TASK BRIEF:
An exact copy of the listing is required, with its pictures removed.

RECORDED DATA:
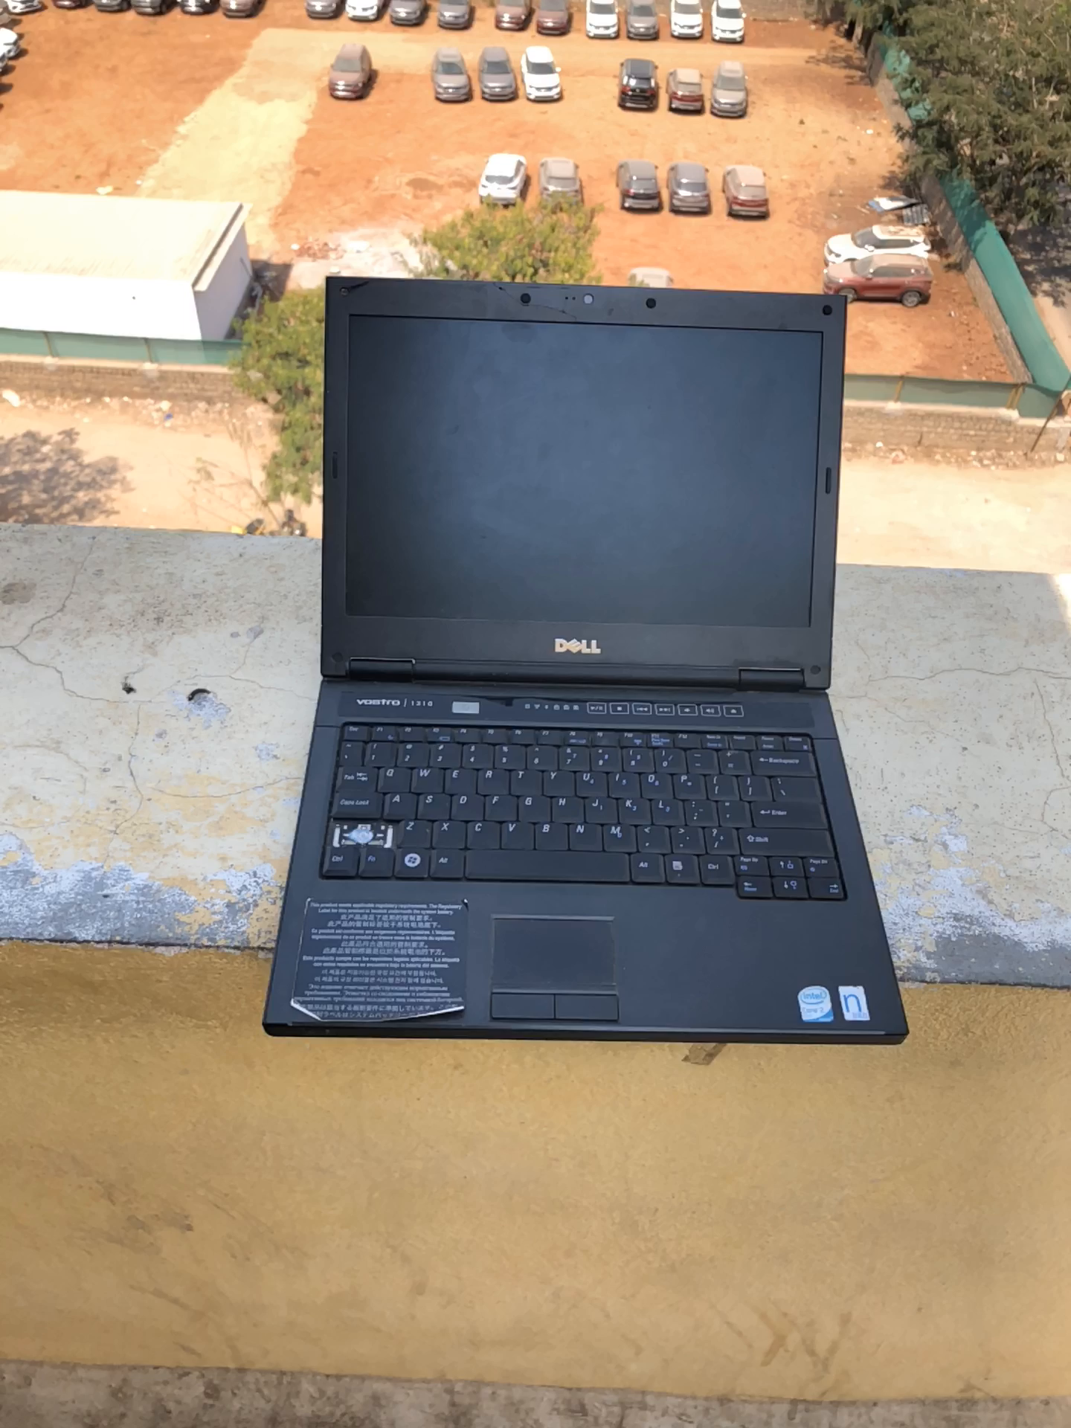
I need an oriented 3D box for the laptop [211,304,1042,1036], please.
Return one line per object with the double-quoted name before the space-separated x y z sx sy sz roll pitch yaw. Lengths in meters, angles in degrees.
"laptop" 0.035 -0.044 0.624 0.301 0.178 0.378 1 46 0

RESPONSE TO THIS EXERCISE:
I need an oriented 3D box for the laptop [211,304,1042,1036], please.
Return one line per object with the double-quoted name before the space-separated x y z sx sy sz roll pitch yaw. Lengths in meters, angles in degrees.
"laptop" 0.035 -0.044 0.624 0.301 0.178 0.378 1 46 0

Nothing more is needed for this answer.